[WHAT YOU WILL DO] For the records below, output each line exactly as it appears, from the first through the line with "16) snack box from (459, 157) to (493, 259)".

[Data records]

=== Section Start ===

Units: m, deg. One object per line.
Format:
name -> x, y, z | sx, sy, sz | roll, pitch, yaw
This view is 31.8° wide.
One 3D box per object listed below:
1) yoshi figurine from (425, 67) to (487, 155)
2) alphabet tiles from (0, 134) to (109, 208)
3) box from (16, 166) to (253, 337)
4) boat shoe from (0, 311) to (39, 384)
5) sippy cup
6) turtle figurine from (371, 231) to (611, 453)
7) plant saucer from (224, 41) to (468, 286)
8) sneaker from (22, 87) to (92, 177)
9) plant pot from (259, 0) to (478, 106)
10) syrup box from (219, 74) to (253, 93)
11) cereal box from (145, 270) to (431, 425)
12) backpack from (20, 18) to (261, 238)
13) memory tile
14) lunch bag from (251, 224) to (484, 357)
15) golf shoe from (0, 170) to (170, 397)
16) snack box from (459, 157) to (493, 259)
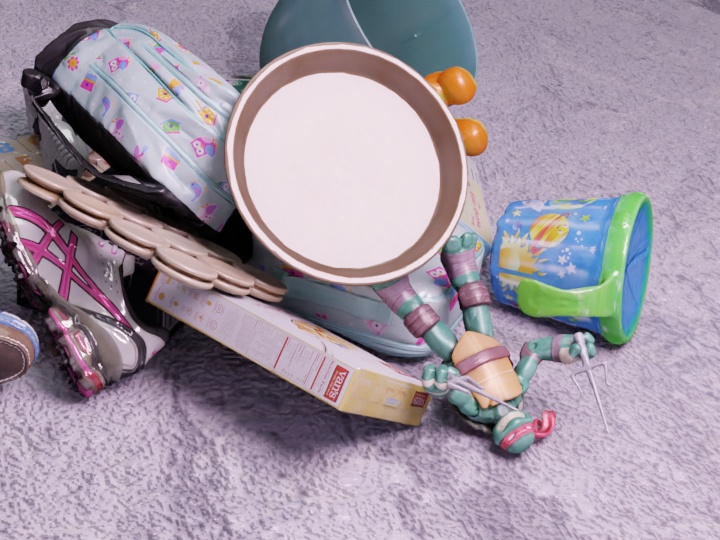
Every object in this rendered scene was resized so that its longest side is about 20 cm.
yoshi figurine -> 0.047, -0.090, 1.102 | 0.112, 0.112, 0.200 | 41, 57, 5
alphabet tiles -> -0.326, -0.095, 1.288 | 0.199, 0.015, 0.195 | -18, 38, -37
box -> -0.195, -0.024, 1.136 | 0.140, 0.079, 0.200 | 14, 30, 15
boat shoe -> -0.339, 0.080, 0.934 | 0.198, 0.073, 0.073 | -8, 36, -7
sippy cup -> 0.192, -0.010, 1.165 | 0.129, 0.141, 0.178 | 8, -11, 22
turtle figurine -> 0.097, 0.072, 0.997 | 0.149, 0.101, 0.201 | -16, 62, -33
plant saucer -> -0.012, -0.083, 0.998 | 0.199, 0.202, 0.029 | 4, -16, -16
sneaker -> -0.273, -0.158, 1.312 | 0.129, 0.080, 0.199 | -13, 24, -18
plant pot -> -0.006, -0.225, 1.275 | 0.160, 0.201, 0.200 | -26, 7, 38
syrup box -> -0.093, -0.163, 1.396 | 0.198, 0.082, 0.079 | 2, 29, -13
cereal box -> -0.053, 0.059, 0.997 | 0.199, 0.040, 0.144 | 26, 1, 28
backpack -> -0.166, -0.122, 1.063 | 0.200, 0.127, 0.167 | 40, 5, 34
memory tile -> -0.164, -0.028, 1.000 | 0.199, 0.017, 0.153 | 30, 8, 27
lunch bag -> 0.000, 0.000, 1.140 | 0.199, 0.078, 0.160 | 17, 32, 16
golf shoe -> -0.230, 0.000, 1.013 | 0.092, 0.073, 0.201 | -27, 77, -20
snack box -> 0.077, -0.093, 1.303 | 0.116, 0.037, 0.200 | 39, 22, -20
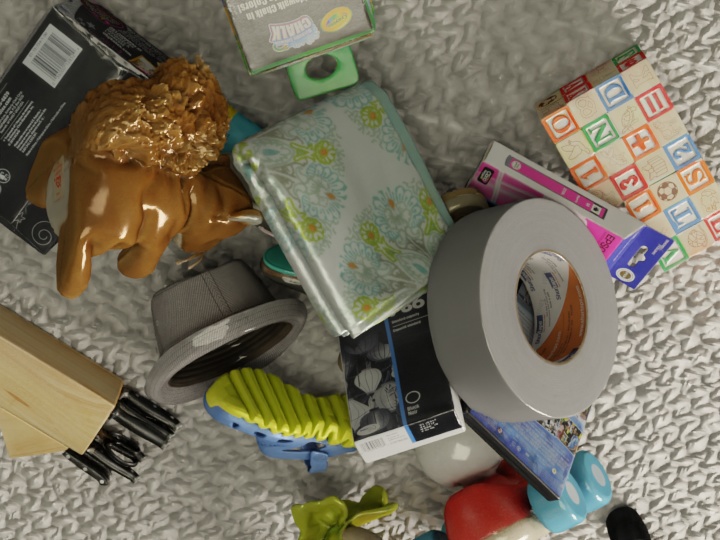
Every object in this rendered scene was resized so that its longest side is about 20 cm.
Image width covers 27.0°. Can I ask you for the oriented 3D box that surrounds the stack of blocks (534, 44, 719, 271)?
[{"bbox_3d":[0.268,-0.101,1.450,0.115,0.059,0.200,-30,108,11],"label":"stack of blocks"}]

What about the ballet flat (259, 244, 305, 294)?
[{"bbox_3d":[0.000,0.000,1.469,0.200,0.068,0.068,-10,132,-13],"label":"ballet flat"}]

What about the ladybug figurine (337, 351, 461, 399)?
[{"bbox_3d":[0.075,0.090,1.479,0.200,0.136,0.072,14,102,19],"label":"ladybug figurine"}]

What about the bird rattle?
[{"bbox_3d":[-0.013,0.331,1.557,0.113,0.163,0.200,0,104,-37],"label":"bird rattle"}]

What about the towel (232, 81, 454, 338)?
[{"bbox_3d":[-0.003,-0.056,1.336,0.048,0.171,0.200,-27,93,49],"label":"towel"}]

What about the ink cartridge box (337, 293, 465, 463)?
[{"bbox_3d":[0.032,0.081,1.401,0.099,0.200,0.039,-20,132,9],"label":"ink cartridge box"}]

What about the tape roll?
[{"bbox_3d":[0.151,0.037,1.371,0.066,0.200,0.200,-11,116,45],"label":"tape roll"}]

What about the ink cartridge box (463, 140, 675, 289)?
[{"bbox_3d":[0.193,-0.043,1.446,0.200,0.037,0.095,27,145,-1],"label":"ink cartridge box"}]

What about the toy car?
[{"bbox_3d":[0.121,0.194,1.535,0.184,0.177,0.200,-31,80,24],"label":"toy car"}]

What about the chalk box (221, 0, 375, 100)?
[{"bbox_3d":[-0.060,-0.258,1.360,0.124,0.124,0.200,-17,111,5],"label":"chalk box"}]

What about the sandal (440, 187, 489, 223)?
[{"bbox_3d":[0.113,0.002,1.456,0.080,0.054,0.200,-24,138,-5],"label":"sandal"}]

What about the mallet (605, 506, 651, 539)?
[{"bbox_3d":[0.347,0.328,1.609,0.200,0.066,0.041,36,108,-13],"label":"mallet"}]

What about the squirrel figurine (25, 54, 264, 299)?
[{"bbox_3d":[-0.170,-0.083,1.303,0.186,0.142,0.200,4,124,-32],"label":"squirrel figurine"}]

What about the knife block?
[{"bbox_3d":[-0.283,0.125,1.537,0.175,0.064,0.200,-10,110,3],"label":"knife block"}]

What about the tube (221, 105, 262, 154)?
[{"bbox_3d":[-0.106,-0.110,1.460,0.200,0.050,0.078,32,101,-5],"label":"tube"}]

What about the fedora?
[{"bbox_3d":[-0.145,0.050,1.467,0.177,0.200,0.090,-25,77,-10],"label":"fedora"}]

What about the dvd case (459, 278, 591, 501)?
[{"bbox_3d":[0.171,0.100,1.440,0.143,0.200,0.018,44,141,-23],"label":"dvd case"}]

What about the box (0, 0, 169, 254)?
[{"bbox_3d":[-0.278,-0.140,1.406,0.132,0.115,0.200,38,106,-5],"label":"box"}]

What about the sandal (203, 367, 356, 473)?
[{"bbox_3d":[-0.078,0.161,1.520,0.200,0.080,0.087,22,126,-34],"label":"sandal"}]

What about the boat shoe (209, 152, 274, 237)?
[{"bbox_3d":[-0.061,-0.044,1.414,0.200,0.067,0.057,26,132,10],"label":"boat shoe"}]

=== Section End ===

[RESPONSE FOR THIS EXERCISE]
Units: m, deg. One object per line.
Format:
name -> x, y, z | sx, sy, sz | roll, pitch, yaw
This view is 31.8° wide.
One 3D box per object listed below:
1) yoshi figurine from (425, 67) to (487, 155)
2) alphabet tiles from (0, 134) to (109, 208)
3) box from (16, 166) to (253, 337)
4) boat shoe from (0, 311) to (39, 384)
5) sippy cup
6) turtle figurine from (371, 231) to (611, 453)
7) plant saucer from (224, 41) to (468, 286)
8) sneaker from (22, 87) to (92, 177)
9) plant pot from (259, 0) to (478, 106)
10) syrup box from (219, 74) to (253, 93)
11) cereal box from (145, 270) to (431, 425)
12) backpack from (20, 18) to (261, 238)
13) memory tile
14) lunch bag from (251, 224) to (484, 357)
15) golf shoe from (0, 170) to (170, 397)
16) snack box from (459, 157) to (493, 259)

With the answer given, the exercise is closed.